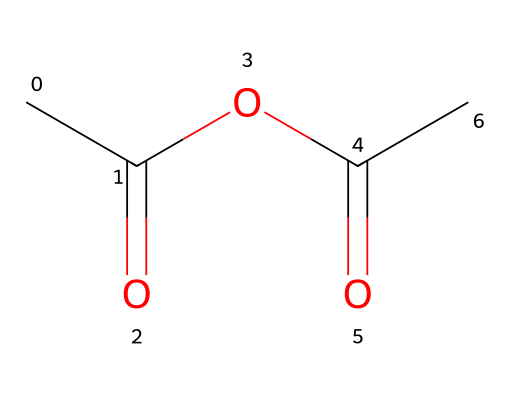how many carbon atoms are present in this molecule? By examining the SMILES representation, we identify each "C" that represents a carbon atom. The SMILES shows a total of 4 carbon atoms in the structure.
Answer: 4 what is the functional group featured in this chemical? The structure contains an anhydride functional group, which can be identified by the presence of two acyl groups (C=O) linked to the same oxygen atom.
Answer: anhydride how many double bonds are in this compound? Looking at the chemical structure, there are two double bonds, both between carbon and oxygen (C=O).
Answer: 2 what type of reaction can this acid anhydride undergo? Acid anhydrides typically participate in hydrolysis reactions, leading to the formation of corresponding acids when reacted with water.
Answer: hydrolysis is this chemical polar or nonpolar? The presence of the polar bonds (C=O) suggests that the molecule has polar characteristics due to uneven electron distribution, particularly because oxygen is more electronegative than carbon.
Answer: polar how does the presence of anhydride affect its reactivity? Anhydrides are generally more reactive than their corresponding acids because they can easily undergo nucleophilic attack, making them versatile intermediates in organic synthesis.
Answer: more reactive what is the primary use of acid anhydrides in exhaust gas treatment? Acid anhydrides can act as intermediates in the synthesis of various catalytic compounds that help in the reduction of harmful emissions from exhaust gases.
Answer: catalysts

What you will do
Where the records above contain a line with "Answer: more reactive", repeat that line and each later line through the end, exactly, and nothing more.

Answer
Answer: more reactive what is the primary use of acid anhydrides in exhaust gas treatment? Acid anhydrides can act as intermediates in the synthesis of various catalytic compounds that help in the reduction of harmful emissions from exhaust gases.
Answer: catalysts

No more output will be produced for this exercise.